Lawrence Bush came through his Woodstocker years as a committed atheist, and simultaneously, someone who understands the appeal of religion and who can see its beauty. He rejects all religions, but not equally. Despite his atheism, he can write, “On the more intellectual side of things, I myself have been very attracted to some of the psychological, social and ethical insights of the Jewish religion. I especially love to read the Talmud (in translation) and encounter the civilizing spirit of the majority of its conversations” (p. 7). He does not say the same sort of thing about Christianity, perhaps because of his knowledge of the experiences of his gege, Russ. “Even the basic story line of Christianity—God offering redemption from sin to humanity by sacrificing his ‘only begotten son’ in a torturous death—has always seemed far more grim and repellent than redemptive to me …” (p. 124).

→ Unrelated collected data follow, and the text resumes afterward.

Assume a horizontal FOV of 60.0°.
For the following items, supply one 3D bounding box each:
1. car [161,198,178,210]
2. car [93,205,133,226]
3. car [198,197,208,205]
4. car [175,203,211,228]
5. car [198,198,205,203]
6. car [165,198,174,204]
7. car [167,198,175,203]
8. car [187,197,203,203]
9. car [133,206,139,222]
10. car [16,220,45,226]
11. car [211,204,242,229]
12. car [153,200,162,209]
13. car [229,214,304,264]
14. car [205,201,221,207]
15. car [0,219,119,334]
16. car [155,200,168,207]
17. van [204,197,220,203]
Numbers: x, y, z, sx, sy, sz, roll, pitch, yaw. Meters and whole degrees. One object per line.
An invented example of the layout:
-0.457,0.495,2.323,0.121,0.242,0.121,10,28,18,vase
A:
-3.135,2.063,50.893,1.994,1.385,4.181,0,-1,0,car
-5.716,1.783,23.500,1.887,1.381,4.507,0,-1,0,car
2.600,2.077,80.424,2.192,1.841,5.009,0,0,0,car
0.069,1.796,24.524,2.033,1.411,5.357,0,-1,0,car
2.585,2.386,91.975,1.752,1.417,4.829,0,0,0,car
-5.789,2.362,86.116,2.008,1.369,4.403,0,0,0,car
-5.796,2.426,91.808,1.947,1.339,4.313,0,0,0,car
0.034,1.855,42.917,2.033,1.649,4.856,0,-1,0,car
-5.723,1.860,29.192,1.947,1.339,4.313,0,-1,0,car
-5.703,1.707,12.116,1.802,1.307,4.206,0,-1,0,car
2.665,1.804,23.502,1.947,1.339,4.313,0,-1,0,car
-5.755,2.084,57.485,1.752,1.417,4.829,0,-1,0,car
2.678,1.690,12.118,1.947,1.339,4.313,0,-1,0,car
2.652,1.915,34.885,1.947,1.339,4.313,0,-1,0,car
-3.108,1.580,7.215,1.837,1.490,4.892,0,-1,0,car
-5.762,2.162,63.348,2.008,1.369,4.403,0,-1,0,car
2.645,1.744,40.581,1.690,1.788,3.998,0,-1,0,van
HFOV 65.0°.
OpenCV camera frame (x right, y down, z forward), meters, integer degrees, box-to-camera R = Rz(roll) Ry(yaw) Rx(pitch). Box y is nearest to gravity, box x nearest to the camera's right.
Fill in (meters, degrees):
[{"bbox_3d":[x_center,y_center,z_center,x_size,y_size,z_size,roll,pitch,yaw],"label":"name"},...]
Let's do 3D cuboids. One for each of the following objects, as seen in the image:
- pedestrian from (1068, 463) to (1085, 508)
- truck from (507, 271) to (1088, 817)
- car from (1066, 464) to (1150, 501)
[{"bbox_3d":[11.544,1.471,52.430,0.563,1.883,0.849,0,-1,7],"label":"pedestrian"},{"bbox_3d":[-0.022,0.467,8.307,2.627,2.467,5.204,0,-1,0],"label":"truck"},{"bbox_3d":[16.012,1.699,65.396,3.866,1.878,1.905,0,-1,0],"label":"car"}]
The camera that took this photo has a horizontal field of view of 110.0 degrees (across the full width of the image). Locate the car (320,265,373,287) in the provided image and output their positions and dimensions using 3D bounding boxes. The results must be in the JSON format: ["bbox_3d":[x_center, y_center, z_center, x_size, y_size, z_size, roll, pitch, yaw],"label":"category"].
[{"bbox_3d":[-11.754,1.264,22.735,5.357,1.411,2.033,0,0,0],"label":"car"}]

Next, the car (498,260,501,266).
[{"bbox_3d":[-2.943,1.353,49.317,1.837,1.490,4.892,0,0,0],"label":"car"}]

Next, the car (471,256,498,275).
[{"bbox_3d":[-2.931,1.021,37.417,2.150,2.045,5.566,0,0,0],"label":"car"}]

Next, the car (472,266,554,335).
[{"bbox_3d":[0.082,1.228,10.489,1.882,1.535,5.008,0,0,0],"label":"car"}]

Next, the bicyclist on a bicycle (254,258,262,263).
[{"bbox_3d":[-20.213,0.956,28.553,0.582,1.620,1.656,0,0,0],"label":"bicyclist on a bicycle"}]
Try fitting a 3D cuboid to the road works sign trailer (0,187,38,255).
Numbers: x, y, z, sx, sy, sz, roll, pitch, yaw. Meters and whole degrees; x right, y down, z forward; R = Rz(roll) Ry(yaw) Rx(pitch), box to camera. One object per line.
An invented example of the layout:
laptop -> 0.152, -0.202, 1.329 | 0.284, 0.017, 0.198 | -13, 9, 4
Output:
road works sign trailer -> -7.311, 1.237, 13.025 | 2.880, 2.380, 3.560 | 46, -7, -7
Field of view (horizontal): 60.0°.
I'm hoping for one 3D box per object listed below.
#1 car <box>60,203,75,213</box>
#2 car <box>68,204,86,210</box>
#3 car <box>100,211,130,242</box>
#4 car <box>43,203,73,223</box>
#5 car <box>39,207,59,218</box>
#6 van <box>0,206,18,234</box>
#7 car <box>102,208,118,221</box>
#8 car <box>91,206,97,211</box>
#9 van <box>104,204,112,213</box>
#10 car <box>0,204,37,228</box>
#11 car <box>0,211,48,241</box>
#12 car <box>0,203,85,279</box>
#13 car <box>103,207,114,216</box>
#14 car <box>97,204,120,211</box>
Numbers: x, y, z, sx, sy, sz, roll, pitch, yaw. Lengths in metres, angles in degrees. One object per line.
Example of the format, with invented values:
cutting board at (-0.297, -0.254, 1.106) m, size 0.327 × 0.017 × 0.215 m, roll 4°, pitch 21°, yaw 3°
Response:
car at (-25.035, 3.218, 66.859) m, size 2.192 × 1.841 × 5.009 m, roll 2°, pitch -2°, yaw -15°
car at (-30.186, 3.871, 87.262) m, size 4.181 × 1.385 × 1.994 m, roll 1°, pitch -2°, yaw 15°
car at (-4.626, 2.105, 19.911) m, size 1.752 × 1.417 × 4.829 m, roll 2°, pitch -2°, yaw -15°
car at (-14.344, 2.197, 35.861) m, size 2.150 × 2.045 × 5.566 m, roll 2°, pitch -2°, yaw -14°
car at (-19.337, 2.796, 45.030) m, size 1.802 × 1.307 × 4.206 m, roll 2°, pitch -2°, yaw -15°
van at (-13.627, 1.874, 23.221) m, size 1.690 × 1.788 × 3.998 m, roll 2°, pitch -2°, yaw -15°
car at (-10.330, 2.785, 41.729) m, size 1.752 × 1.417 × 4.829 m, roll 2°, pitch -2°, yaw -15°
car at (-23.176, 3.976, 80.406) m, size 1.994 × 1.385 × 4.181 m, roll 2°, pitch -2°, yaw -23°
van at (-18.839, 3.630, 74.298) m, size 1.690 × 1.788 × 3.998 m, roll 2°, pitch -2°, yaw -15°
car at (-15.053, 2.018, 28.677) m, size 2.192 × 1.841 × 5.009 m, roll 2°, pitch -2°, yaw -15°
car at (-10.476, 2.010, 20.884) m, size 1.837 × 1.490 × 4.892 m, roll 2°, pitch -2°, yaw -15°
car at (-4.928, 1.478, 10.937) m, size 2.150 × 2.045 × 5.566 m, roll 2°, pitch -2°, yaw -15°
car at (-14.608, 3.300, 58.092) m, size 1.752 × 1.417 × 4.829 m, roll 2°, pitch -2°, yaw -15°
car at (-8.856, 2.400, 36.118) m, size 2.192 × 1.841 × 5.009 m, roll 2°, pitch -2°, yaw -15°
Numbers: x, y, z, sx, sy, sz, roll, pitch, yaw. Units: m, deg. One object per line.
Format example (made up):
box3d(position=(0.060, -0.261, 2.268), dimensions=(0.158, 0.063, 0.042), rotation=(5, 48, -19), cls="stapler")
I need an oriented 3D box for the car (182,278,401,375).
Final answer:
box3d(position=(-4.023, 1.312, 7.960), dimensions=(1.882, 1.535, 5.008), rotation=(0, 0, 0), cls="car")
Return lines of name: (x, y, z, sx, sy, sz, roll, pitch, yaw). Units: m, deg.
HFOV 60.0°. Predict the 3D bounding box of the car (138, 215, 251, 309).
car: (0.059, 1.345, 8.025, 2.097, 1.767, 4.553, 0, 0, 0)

Old Leftists typically defined themselves as atheists and rejected the idea that they had faith of any kind. Bush’s atheism, on the other hand, extends to his recognition that Marxism shares elements of doctrine with religion. “…. Revolutionary Marxism was essentially that, a classical oppositional-salvational religion …” (p. 72). He has rejected the faith of his own parents and of the parent of the magazine he edits, Jewish Currents. This double rejection is what enabled him to negotiate the merger between the magazine and the Workmen’s Circle, between the “Judean People’s Front” and the “People’s Front of Judea.” And yet, Bush is not someone who should be characterized by rejection. He reconciles his Judaism and his atheism without any problems. He respects the need for religion, and he looks upon his personal Woodstocker experiences as enlightening. Most of all, however, he feels, “I treasure being a modern, Western man and I have no nostalgia for the helpless conditions in which my superstitious ancestors lived” (pp. 176-77).

Lawrence Bush, the atheist, ends his book with a story from the Babylonian Talmud, Bava Metzia 59b, in which a group of rabbis reject proof by miracle in favor of majority rule. In this parable, God reacts by laughing and saying, “My children have defeated Me, my children have won” (p. 187). Bush is citing the Talmud as an argument in favor of atheism! How very Jewish!

Update:  In March 2009, the Workmen’s Circle / Arbeter Ring sent the following message to its members: “After four years of publishing Jewish Currents magazine and providing it to our members as a benefit for their membership, we are returning the magazine to its independence. This decision is strictly financial.”

A version of this review appeared in Midstream, versionVolume LV, Number 4, Fall 2009.